Their findings made the news, and quickly became a club with which to bash the social sciences. But the problem isn’t just with psychology. There’s an unspoken rule in the pharmaceutical industry that half of all academic biomedical research will ultimately prove false, and in 2011 a group of researchers at Bayer decided to test it. Looking at sixty-seven recent drug discovery projects based on preclinical cancer biology research, they found that in more than 75 percent of cases the published data did not match up with their in-house attempts to replicate.
These were not studies published in fly-by-night oncology journals, but blockbuster research featured in Science, Nature, Cell, and the like. The Bayer researchers were drowning in bad studies, and it was to this, in part, that they attributed the mysteriously declining yields of drug pipelines. Perhaps so many of these new drugs fail to have an effect because the basic research on which their development was based isn’t valid.
When a study fails to replicate, there are two possible interpretations. The first is that, unbeknownst to the investigators, there was a real difference in experimental setup between the original investigation and the failed replication. These are colloquially referred to as “wallpaper effects,” the joke being that the experiment was affected by the color of the wallpaper in the room. This is the happiest possible explanation for failure to reproduce: It means that both experiments have revealed facts about the universe, and we now have the opportunity to learn what the difference was between them and to incorporate a new and subtler distinction into our theories.
The other interpretation is that the original finding was false. Unfortunately, an ingenious statistical argument shows that this second interpretation is far more likely. First articulated by John Ioannidis, a professor at Stanford University’s School of Medicine, this argument proceeds by a simple application of Bayesian statistics. Suppose that there are a hundred and one stones in a certain field. One of them has a diamond inside it, and, luckily, you have a diamond-detecting device that advertises 99 percent accuracy. After an hour or so of moving the device around, examining each stone in turn, suddenly alarms flash and sirens wail while the device is pointed at a promising-looking stone. What is the probability that the stone contains a diamond?

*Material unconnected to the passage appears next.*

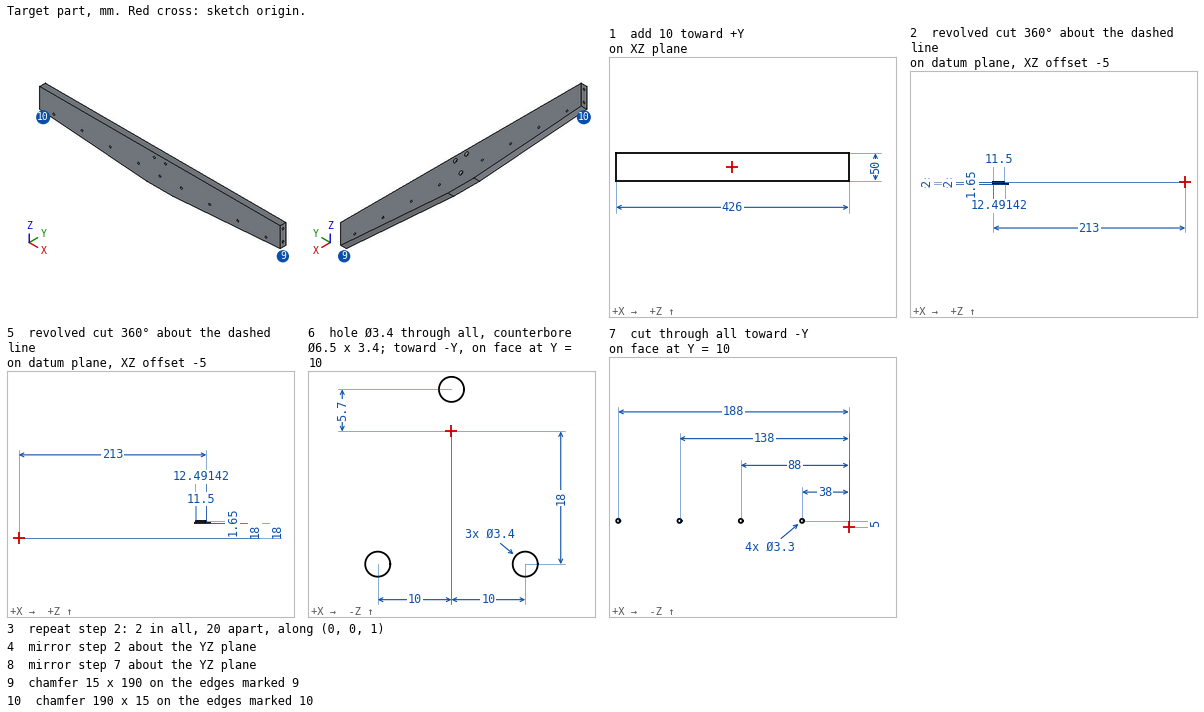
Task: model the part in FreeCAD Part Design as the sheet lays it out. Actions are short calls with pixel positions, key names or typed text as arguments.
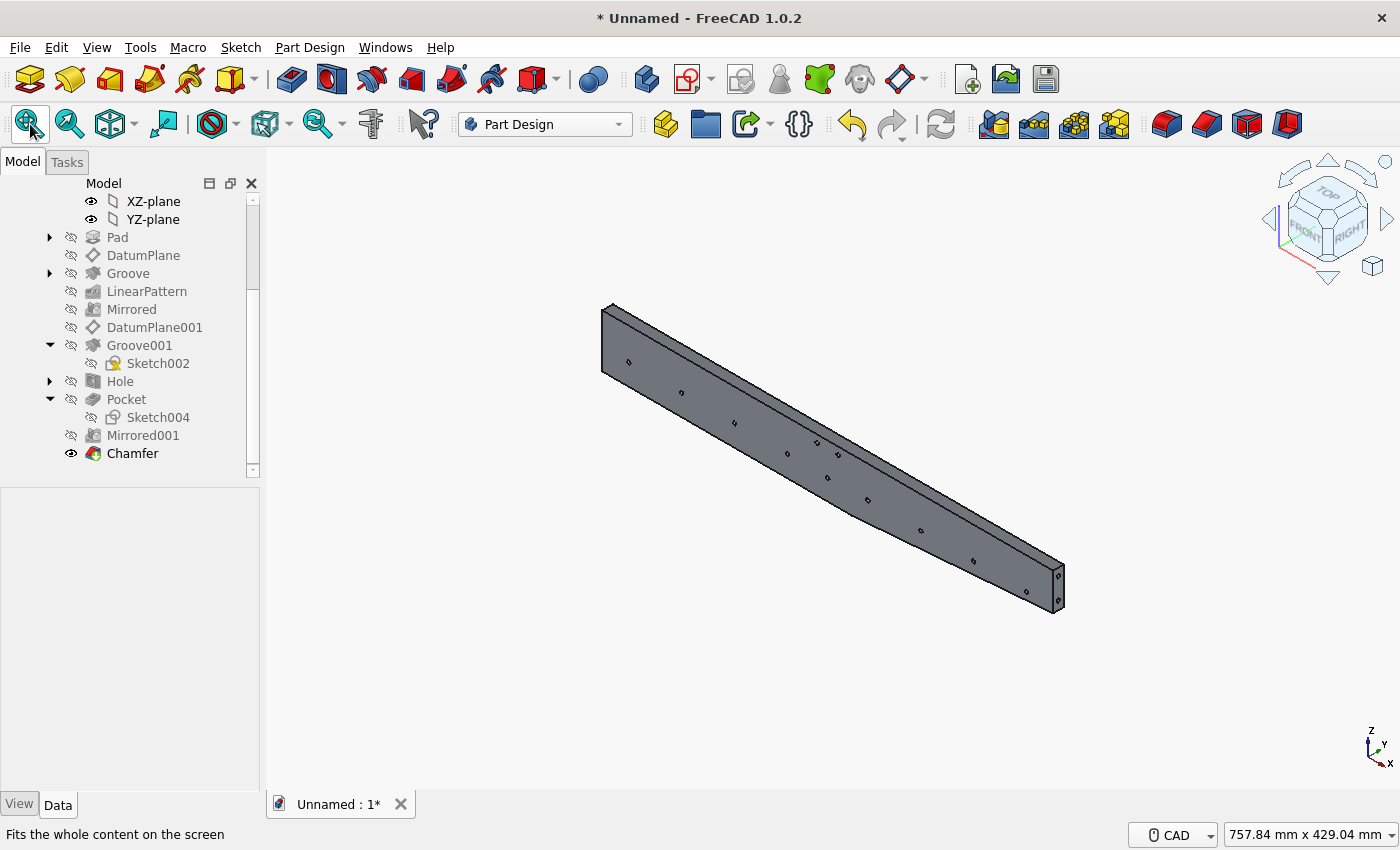
scroll(608, 367, up, 5)

Most would say that if the device advertises 99 percent accuracy, then there is a 99 percent chance that the device is correctly discerning a diamond, and a 1 percent chance that it has given a false positive reading. But consider: Of the one hundred and one stones in the field, only one is truly a diamond. Granted, our machine has a very high probability of correctly declaring it to be a diamond. But there are many more diamond-free stones, and while the machine only has a 1 percent chance of falsely declaring each of them to be a diamond, there are a hundred of them. So if we were to wave the detector over every stone in the field, it would, on average, sound twice—once for the real diamond, and once when a false reading was triggered by a stone. If we know only that the alarm has sounded, these two possibilities are roughly equally probable, giving us an approximately 50 percent chance that the stone really contains a diamond.
This is a simplified version of the argument that Ioannidis applies to the process of science itself. The stones in the field are the set of all possible testable hypotheses, the diamond is a hypothesized connection or effect that happens to be true, and the diamond-detecting device is the scientific method. A tremendous amount depends on the proportion of possible hypotheses which turn out to be true, and on the accuracy with which an experiment can discern truth from falsehood. Ioannidis shows that for a wide variety of scientific settings and fields, the values of these two parameters are not at all favorable.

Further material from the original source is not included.